L'ancien soldat met un terme à sa grève de la faim

Lévis — Un ancien soldat a mis un terme hier à sa grève de la faim après avoir obtenu l'assurance qu'Ottawa enquêtera sur la possibilité que des militaires aient été empoisonnés par de l'uranium appauvri lors de missions à l'étranger.

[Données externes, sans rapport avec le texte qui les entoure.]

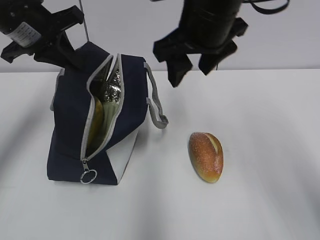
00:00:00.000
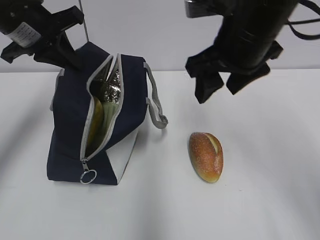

Pascal Lacoste a fait le signe de la victoire avec ses doigts en se faisant escorter par des ambulanciers, à l'extérieur des bureaux de circonscription du ministre des Anciens Combattants, Steven Blaney, à Lévis.

Un comité

Steven Blaney lui a promis des soins, mais aussi la mise sur pied d'un comité consultatif.

Louis Sirois, l'avocat qui négociait avec le gouvernement fédéral au nom de M. Lacoste, a indiqué hier que M. Blaney avait accepté d'enquêter sur les allégations de l'ancien combattant, selon qui lui-même et d'autres soldats avaient été empoisonnés en mission en Bosnie-Herzégovine dans les années 1990. «La toute première mission de ce comité consistera à se pencher sur la question de l'uranium appauvri et son lien avec les problèmes de santé des militaires canadiens», a affirmé Louis Sirois. «Pour Pascal Lacoste, le fait que le Canada, pour la première fois de son histoire, accepte de se pencher sur la question est une victoire majeure.»

M. Lacoste, qui souffre de douleurs chroniques et de problèmes neurologiques dégénératifs, en était à sa quatrième journée de grève de la faim.